Bug 1622072

Summary: Openstack didn't remove volume on instance deletion
Product: Red Hat OpenStack Reporter: Pablo Iranzo Gómez <pablo.iranzo>
Component: openstack-novaAssignee: Francois Palin <fpalin>
Status: CLOSED EOL QA Contact: OSP DFG:Compute <osp-dfg-compute>
Severity: medium Docs Contact:
Priority: medium    
Version: 10.0 (Newton)CC: astupnik, dasmith, eglynn, fpalin, geguileo, igarciam, jhakimra, kchamart, lyarwood, nlevinki, pablo.iranzo, sbauza, scohen, sgordon, srevivo, tvvcox, vromanso
Target Milestone: ---Keywords: Triaged, ZStream
Target Release: ---   
Hardware: Unspecified   
OS: Linux   
Whiteboard:
Fixed In Version: Doc Type: If docs needed, set a value
Doc Text:
Story Points: ---
Clone Of:
: 1827413 (view as bug list) Environment:
Last Closed: 2021-07-07 10:38:34 UTC Type: Bug
Regression: --- Mount Type: ---
Documentation: --- CRM:
Verified Versions: Category: ---
oVirt Team: --- RHEL 7.3 requirements from Atomic Host:
Cloudforms Team: --- Target Upstream Version:
Embargoed:
Bug Depends On:    
Bug Blocks: 1827413, 1827416, 1827419, 1827420    

Description Pablo Iranzo Gómez 2018-08-24 11:34:25 UTC
Description of problem:

Hi
On instance deletion, the backing volume is not removed.

Sounded like https://bugzilla.redhat.com/show_bug.cgi?id=1198169 which was closed for OSP6 and what is described on kbase: https://access.redhat.com/solutions/3076931.


Version-Release number of selected component (if applicable):

openstack-cinder-9.1.4-12.el7ost.noarch

How reproducible:

When we deploy an non-ephemeral instance (i.e. Creating a new volume), and indicate "YES" in "Delete Volume on Instance delete", it does not properly work. if we delete the instance, the volume is not removed. The status remains as "In-use" and "Attached to None on /dev/vda". 
An example: 
abcfa1db-1748-4f04-9a29-128cf22efcc5	- 	130GiB 	In-use 	- 	Attached to None on /dev/vda

Comment 4 Gorka Eguileor 2018-08-24 14:15:26 UTC
I see errors in the volume logs caused by a missing default volume type named HBSDVSPG200.  We should check the configuration to see if this is expected, which is possible since these are happening on the Cinder-API.

With the logs on INFO level is hard to tell what's going on with precision, but it all points to Nova ignoring an error on the call to terminate connection (so the volume is still attached) and then trying to delete the volume, which cannot be deleted since it's still attached.

The error that Nova is ignoring, is Cinder timing out at the API service on what I assume is the terminate connection call, but we cannot know why since there are no log entries on the Volume service during the minute that the API is waiting before timing out.

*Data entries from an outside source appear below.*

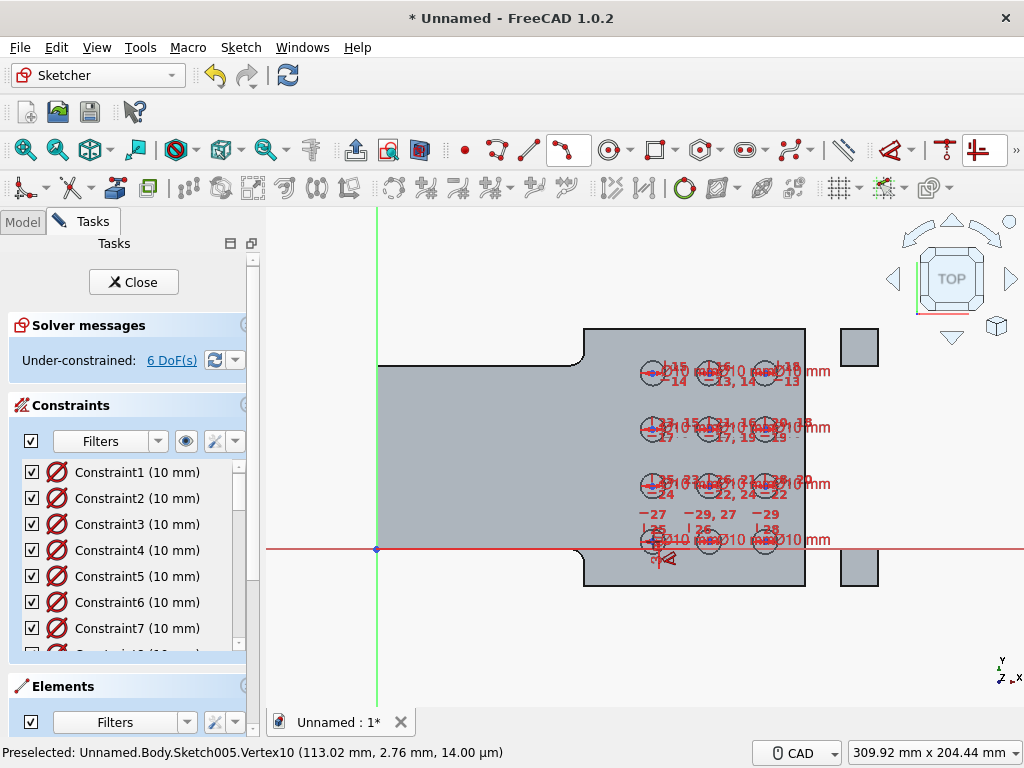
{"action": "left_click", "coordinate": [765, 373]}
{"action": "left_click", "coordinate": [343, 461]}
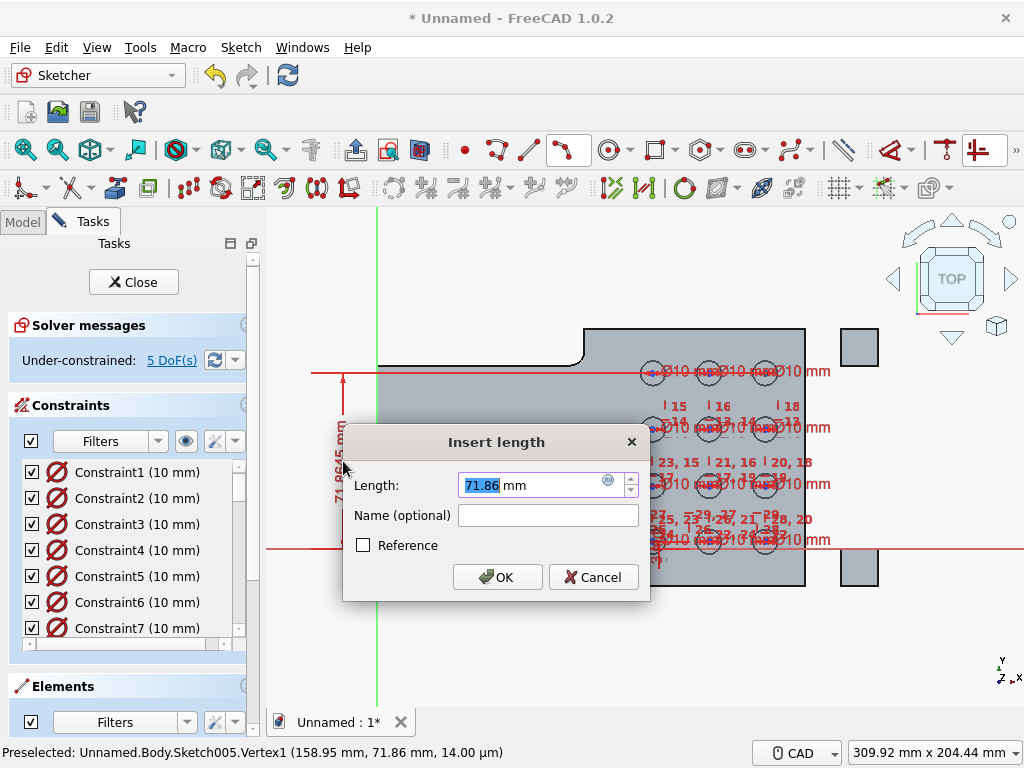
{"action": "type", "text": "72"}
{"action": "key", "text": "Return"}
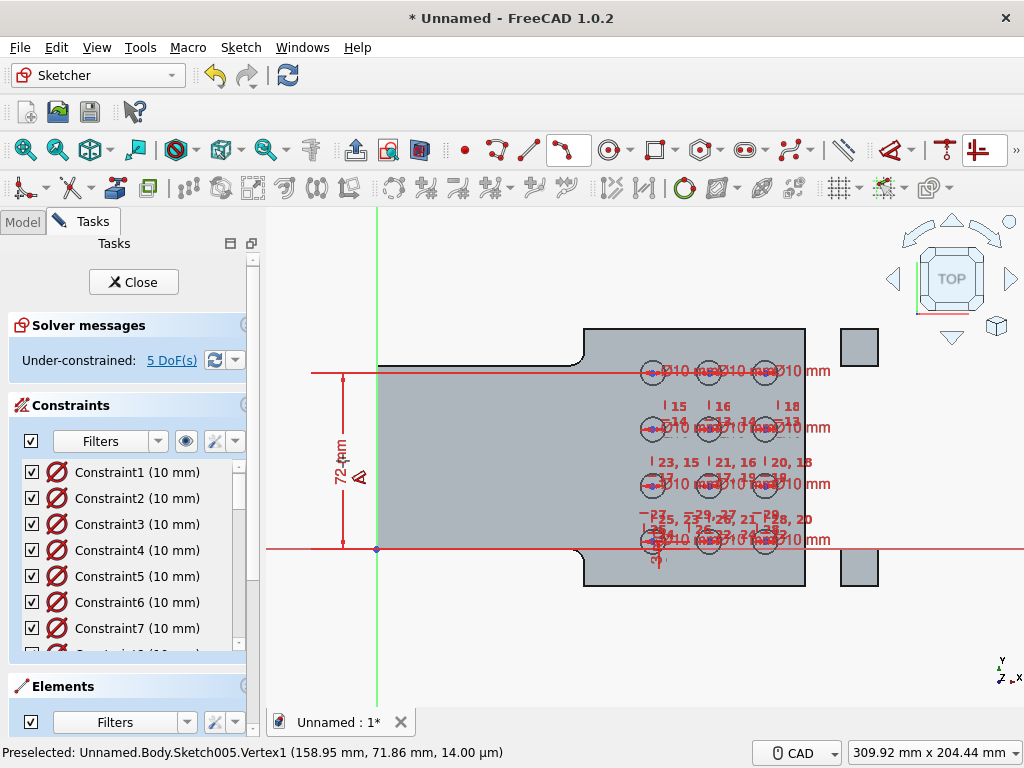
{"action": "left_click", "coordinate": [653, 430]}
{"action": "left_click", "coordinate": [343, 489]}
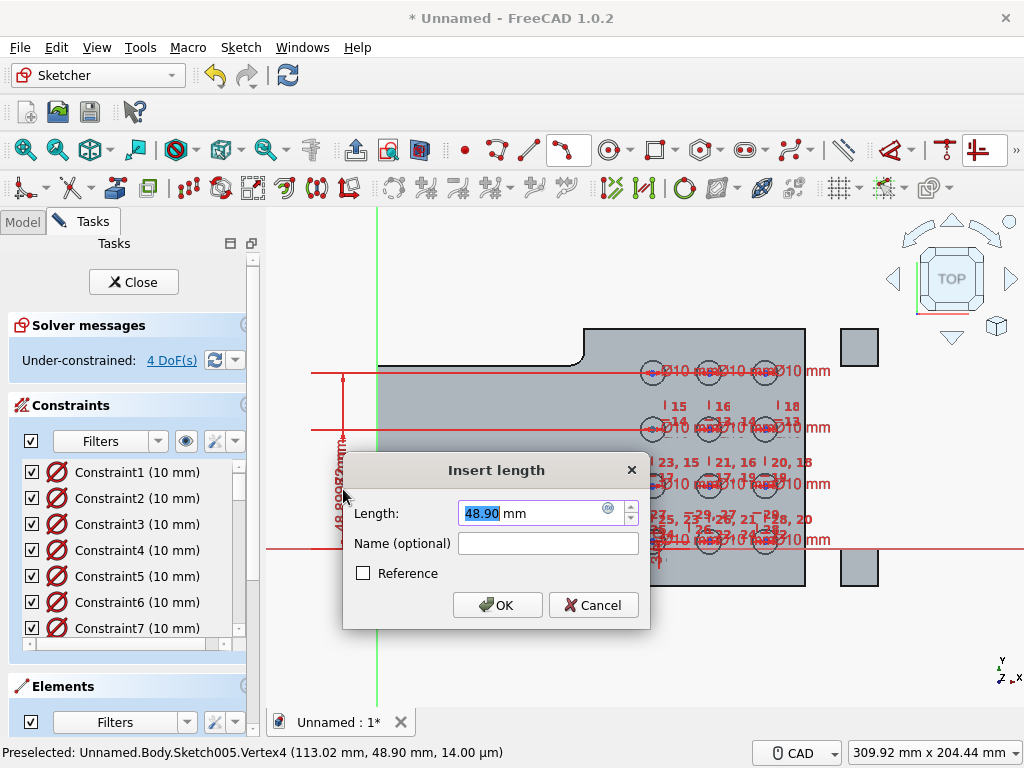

We would need DEBUG log levels on the Cinder services to tell what's going on on the terminate connection.

Comment 6 Lee Yarwood 2018-08-30 11:41:36 UTC
(In reply to Gorka Eguileor from comment #4)
> I see errors in the volume logs caused by a missing default volume type
> named HBSDVSPG200.  We should check the configuration to see if this is
> expected, which is possible since these are happening on the Cinder-API.
> 
> With the logs on INFO level is hard to tell what's going on with precision,
> but it all points to Nova ignoring an error on the call to terminate
> connection (so the volume is still attached) and then trying to delete the
> volume, which cannot be deleted since it's still attached.

I can see the os-terminate_connection failures due to RPC timeouts to c-vol in the c-api logs but I can't match it up to anything on the n-cpu side. Most of these appear to be successful anyway AFAICT.

Looking at the n-cpu code in Newton I can see how failures in os-terminate_connection could result in this behaviour as we wouldn't call Cinder to actually detach the volume from the server but there's zero evidence of this happening in the logs.

> The error that Nova is ignoring, is Cinder timing out at the API service on
> what I assume is the terminate connection call, but we cannot know why since
> there are no log entries on the Volume service during the minute that the
> API is waiting before timing out.
> 
> We would need DEBUG log levels on the Cinder services to tell what's going
> on on the terminate connection.

Pablo, can we get DEBUG logs from Nova and Cinder, along with an example instance UUID so I can trace this, the example UUID in c#0 isn't present anywhere in the sosreports.

Comment 10 Alex Stupnikov 2018-12-10 08:44:30 UTC
Hello. May I ask you to update this bug and let me know if support could provide something for you? BR, Alex.